>>>>>

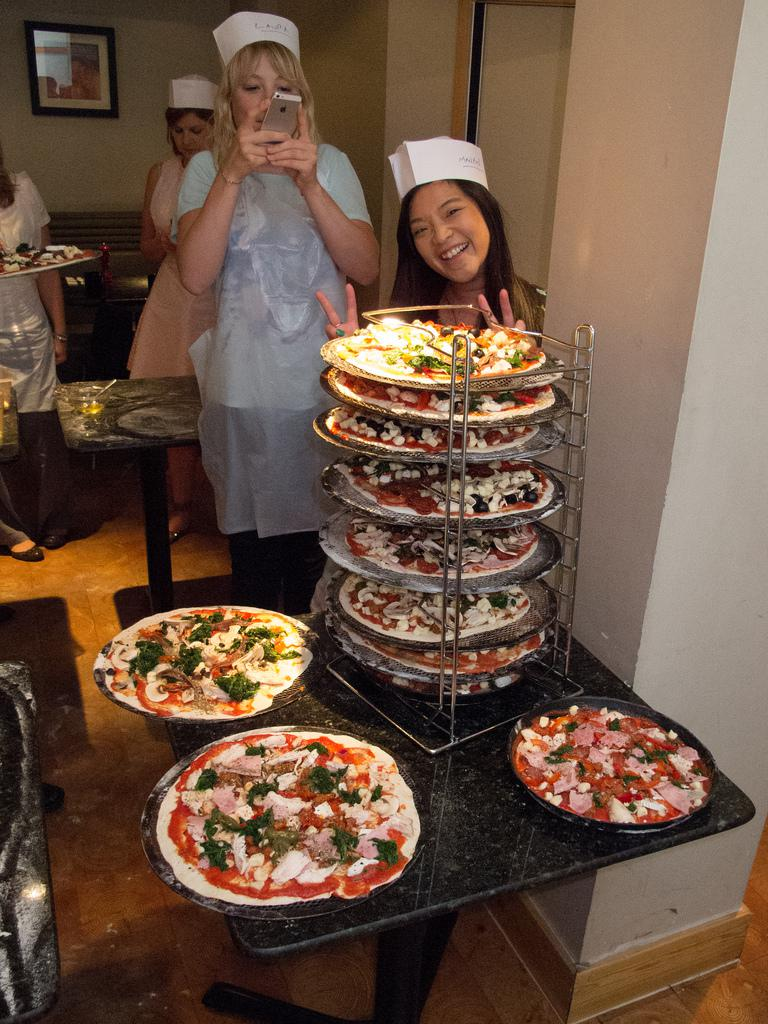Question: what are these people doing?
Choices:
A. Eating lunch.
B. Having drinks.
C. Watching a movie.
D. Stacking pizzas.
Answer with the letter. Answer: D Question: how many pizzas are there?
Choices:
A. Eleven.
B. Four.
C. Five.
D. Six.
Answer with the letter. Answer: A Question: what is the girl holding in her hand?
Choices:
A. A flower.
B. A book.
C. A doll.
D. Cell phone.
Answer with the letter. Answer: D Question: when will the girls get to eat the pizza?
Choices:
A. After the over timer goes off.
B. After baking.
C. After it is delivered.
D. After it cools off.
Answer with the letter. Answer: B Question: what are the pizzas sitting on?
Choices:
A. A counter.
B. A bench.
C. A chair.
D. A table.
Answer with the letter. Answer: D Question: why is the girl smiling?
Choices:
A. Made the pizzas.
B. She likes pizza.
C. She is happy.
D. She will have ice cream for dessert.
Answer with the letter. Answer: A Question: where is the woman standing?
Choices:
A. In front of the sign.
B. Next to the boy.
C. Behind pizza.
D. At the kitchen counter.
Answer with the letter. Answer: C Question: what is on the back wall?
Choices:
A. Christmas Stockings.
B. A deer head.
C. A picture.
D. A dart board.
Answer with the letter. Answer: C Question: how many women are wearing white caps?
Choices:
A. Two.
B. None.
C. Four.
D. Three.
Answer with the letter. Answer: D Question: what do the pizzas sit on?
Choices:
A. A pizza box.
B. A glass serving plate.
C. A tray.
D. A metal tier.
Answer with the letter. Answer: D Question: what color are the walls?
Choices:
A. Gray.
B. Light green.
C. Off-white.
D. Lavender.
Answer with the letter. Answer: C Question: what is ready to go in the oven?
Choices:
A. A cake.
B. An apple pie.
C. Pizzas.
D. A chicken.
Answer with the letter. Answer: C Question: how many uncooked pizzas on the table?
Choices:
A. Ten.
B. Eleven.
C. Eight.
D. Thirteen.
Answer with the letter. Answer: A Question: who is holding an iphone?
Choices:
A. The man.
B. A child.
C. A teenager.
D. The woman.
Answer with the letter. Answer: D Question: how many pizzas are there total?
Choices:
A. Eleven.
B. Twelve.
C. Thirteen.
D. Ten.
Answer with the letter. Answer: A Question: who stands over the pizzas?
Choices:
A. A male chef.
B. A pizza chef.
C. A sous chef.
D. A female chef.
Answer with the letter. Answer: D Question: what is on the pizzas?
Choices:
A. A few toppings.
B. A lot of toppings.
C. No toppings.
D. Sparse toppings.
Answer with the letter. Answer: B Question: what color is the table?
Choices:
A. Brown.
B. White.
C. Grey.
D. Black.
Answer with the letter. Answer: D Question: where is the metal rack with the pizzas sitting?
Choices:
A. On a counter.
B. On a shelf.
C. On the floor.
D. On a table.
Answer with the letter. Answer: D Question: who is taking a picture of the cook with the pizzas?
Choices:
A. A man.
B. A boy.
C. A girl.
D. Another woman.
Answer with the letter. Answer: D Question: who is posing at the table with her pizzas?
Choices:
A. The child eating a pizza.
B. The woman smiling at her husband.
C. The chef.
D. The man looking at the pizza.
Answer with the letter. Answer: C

<<<<<

### Exercise directions
Where a line of the listing holds "sitting", show that line.

### Task response
Answer with the letter. Answer: B Question: what are the pizzas sitting on?
Answer with the letter. Answer: D Question: where is the metal rack with the pizzas sitting?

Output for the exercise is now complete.